DRL4AOI: A DRL Framework for Semantic-aware AOI Segmentation in Location-Based Services
Youfang Lin, Jinji Fu, Haomin Wen, Jiyuan Wang, Zhenjie Wei, Yuting, Qiang, Xiaowei Mao, Lixia Wu, Haoyuan Hu, Yuxuan Liang, Huaiyu Wan

TL;DR
This paper introduces DRL4AOI, a novel deep reinforcement learning framework for semantic-aware AOI segmentation in location-based services, optimizing for service-specific goals like workload balance and road network alignment.
Contribution
It formulates AOI segmentation as an MDP and applies DRL to incorporate semantic goals, offering a flexible, effective solution for urban AOI partitioning.
Findings
DRL4AOI outperforms traditional methods in accuracy and semantic alignment.
The framework effectively balances workload and road network matching.
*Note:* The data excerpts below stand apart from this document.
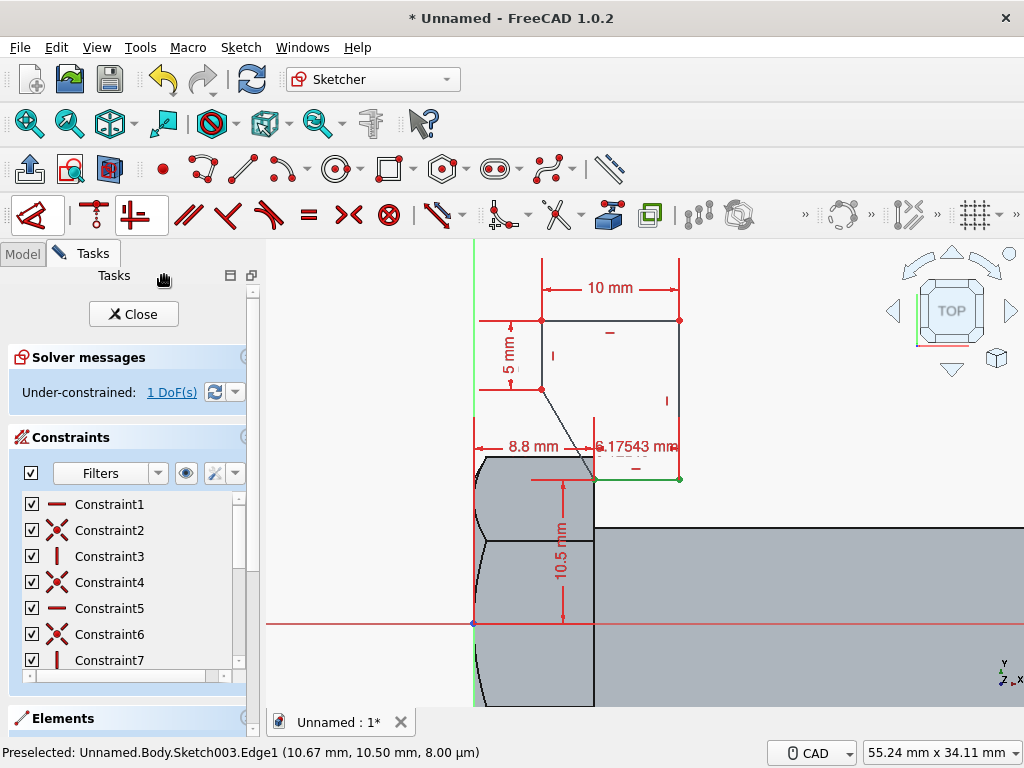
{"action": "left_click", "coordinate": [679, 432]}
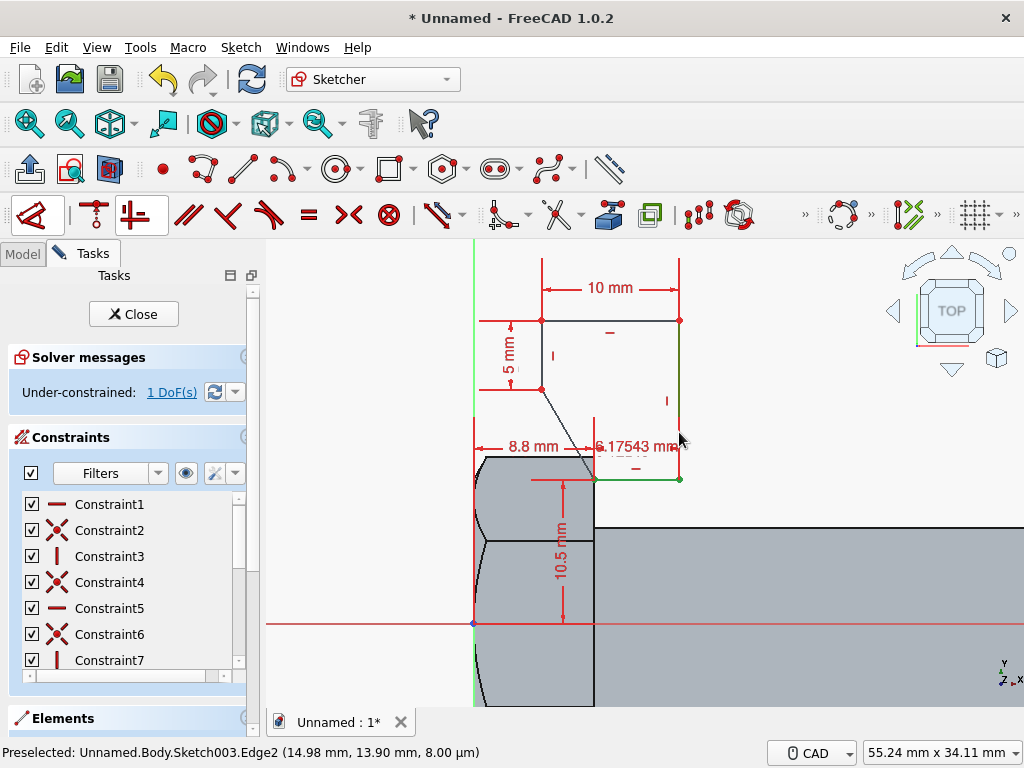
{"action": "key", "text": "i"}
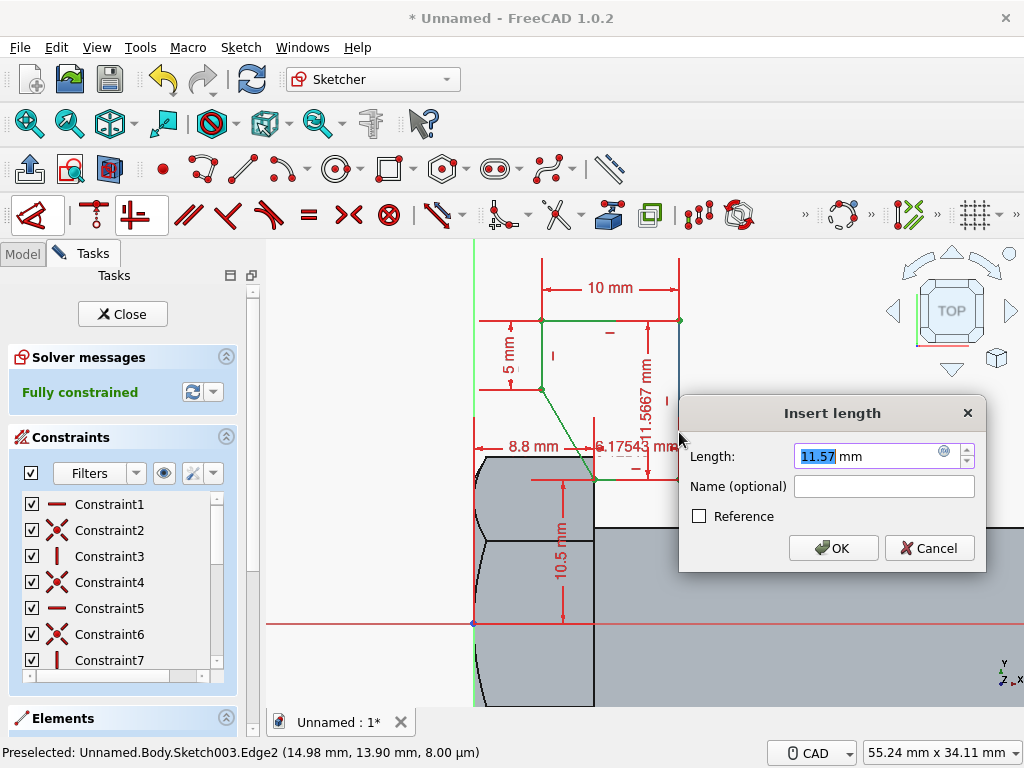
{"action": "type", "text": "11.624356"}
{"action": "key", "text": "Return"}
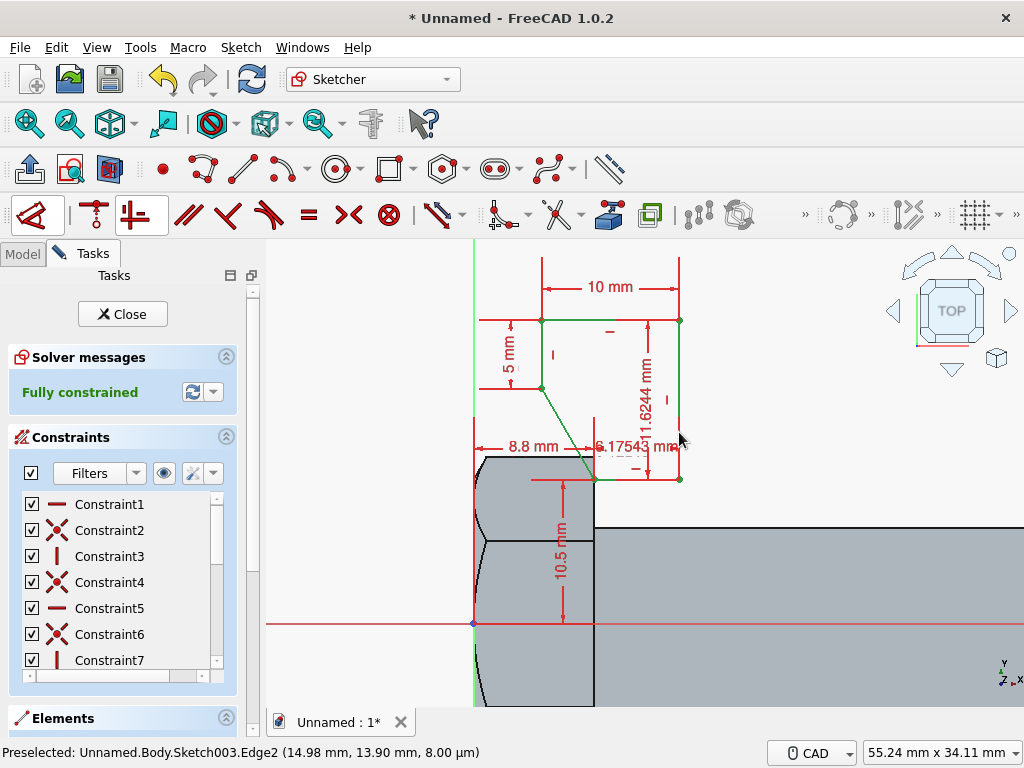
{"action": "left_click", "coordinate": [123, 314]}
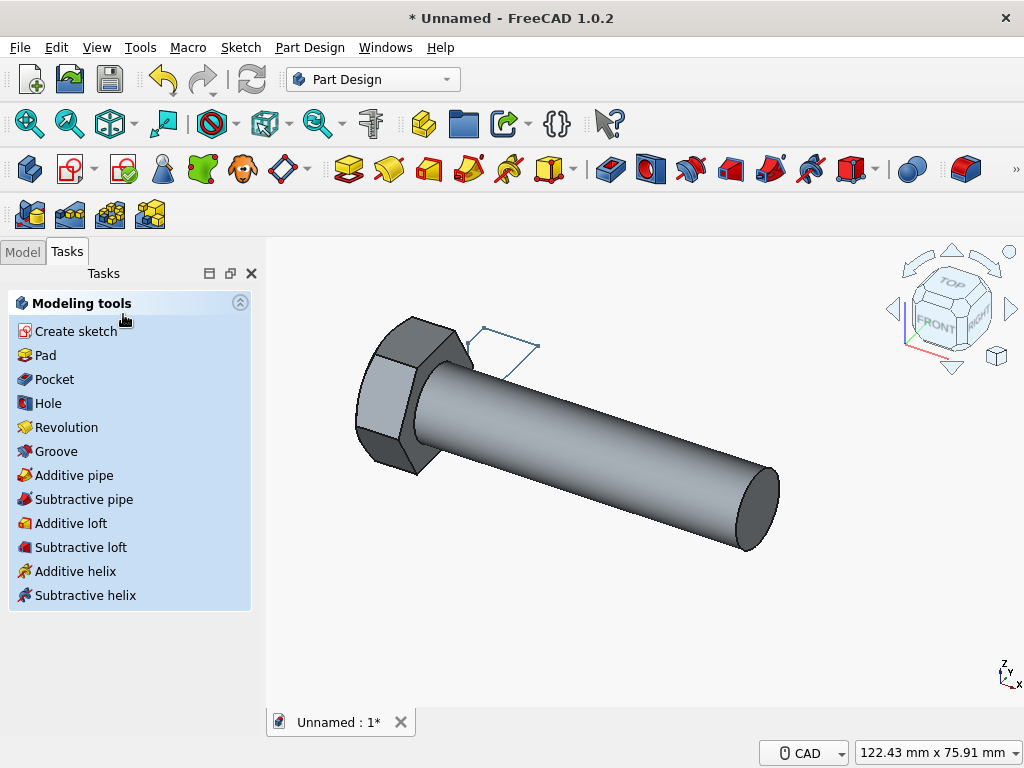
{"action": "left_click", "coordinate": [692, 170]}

Experimental results validate the approach on synthetic and real-world data.
Abstract
In Location-Based Services (LBS), such as food delivery, a fundamental task is segmenting Areas of Interest (AOIs), aiming at partitioning the urban geographical spaces into non-overlapping regions. Traditional AOI segmentation algorithms primarily rely on road networks to partition urban areas. While promising in modeling the geo-semantics, road network-based models overlooked the service-semantic goals (e.g., workload equality) in LBS service. In this paper, we point out that the AOI segmentation problem can be naturally formulated as a Markov Decision Process (MDP), which gradually chooses a nearby AOI for each grid in the current AOI's border. Based on the MDP, we present the first attempt to generalize Deep Reinforcement Learning (DRL) for AOI segmentation, leading to a novel DRL-based framework called DRL4AOI. The DRL4AOI framework introduces different service-semantic goals in a…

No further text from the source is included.